几个刚卸完货的快递员,正靠在车边擦汗,看见王站长手里的诗集,都好奇地围了过来。他们有的摘下沾着灰尘的帽子,露出被晒得黝黑的额头;有的手里还捏着矿泉水瓶,瓶盖没拧紧,顺着指缝往下滴水;还有的干脆把包往地上一放,凑上前来探头看,眼里满是好奇。
“站长,这写的啥呀?”一个年轻些的快递员问道,他的工牌上写着“小李”,脸上还带着点未脱的稚气。
王站长把诗集递给他,声音里带着点自己都没察觉的郑重:“你自己看,写的……不就是我们吗?”
小李接过诗集,低头念了两句,忽然“咦”了一声,眼睛亮了起来:“‘车铃摇醒晨光’,这不就是我每天早上的样儿吗?天不亮就出车,车铃一响,就知道新的一天开始了。”
旁边一个年纪稍长的快递员,脸上刻着风霜的痕迹,接过诗集翻了翻,指着“快件裹着远方”那一句,感慨道:“可不是嘛,这每个包裹里,都藏着人家的盼头。有给孩子寄的新衣服,有给老人寄的特效药,还有小年轻寄的情书……咱们驮着的哪是包裹,都是沉甸甸的远方啊。”
阿哲站在一旁,微笑着把诗集一本本分发给他们。蓝色的工服在晨光里泛着柔和的光,褐色的牛皮纸封面透着质朴的暖,金色的晨光洒在每个人的脸上、手上、诗集中,在快递站的空地上,汇成了一幅格外温柔的画。画里有风尘仆仆的身影,有被诗打动的眼神,有藏在烟火气里的诗意,像一杯刚沏好的热茶,冒着袅袅的热气,暖得人心头发烫。

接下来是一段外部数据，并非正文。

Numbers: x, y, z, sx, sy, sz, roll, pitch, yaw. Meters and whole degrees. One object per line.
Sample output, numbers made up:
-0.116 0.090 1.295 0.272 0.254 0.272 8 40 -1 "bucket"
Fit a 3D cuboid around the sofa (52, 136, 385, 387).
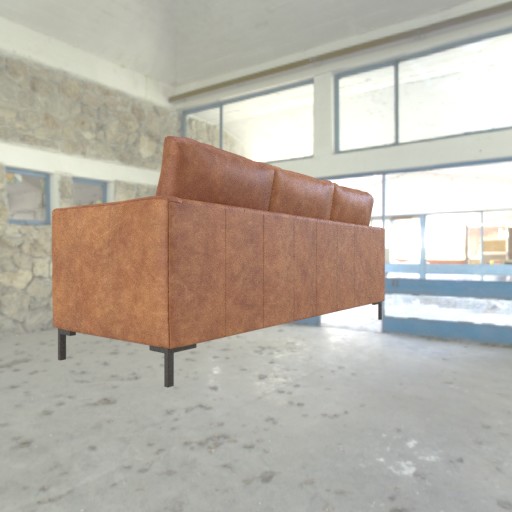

王站长捧着诗集,忽然想起什么似的,一拍大腿:“阿哲老师,您等会儿!”他转身跑进站点的小办公室,很快拿着个皱巴巴的笔记本跑出来,封面都磨掉了色,“这是我闺女给我写的信,她说我老在外跑,见不着面,就把想对我说的话都写在里面。您看,这算不算诗?”
笔记本翻开,里面是歪歪扭扭的字迹,有的地方还沾着泪痕:“爸爸,今天下雨了,你送货的时候要小心,别淋湿了。”“爸爸,我考试得了奖状,等你回来给你看。”“爸爸,我想你了。”
阿哲看着这些文字,心里暖融融的,像被晨光裹住了。他点点头,声音温和:“算啊,这是最真的诗,是藏在心里的热望。”
晨光越来越亮,照得整个快递站都暖洋洋的。快递员们抱着诗集,有的在低头默读,有的在互相讨论,有的拿出手机,把喜欢的句子拍下来。车铃依旧在响,扫码声依旧不断,但空气中,却多了种淡淡的墨香,混着露水的清、纸箱的木、汉子们身上的汗,酿成了深秋最动人的味道。
阿哲知道,这些奔波在风尘里的人,或许不会像诗人那样吟诵,却会在某个送货的间隙,翻开诗集,看见自己的影子,看见那些藏在疲惫里的热望,被一行诗轻轻接住。而这,就是诗来到这里的意义——不是装点,而是陪伴,像晨光一样,照亮每一段风尘仆仆的路。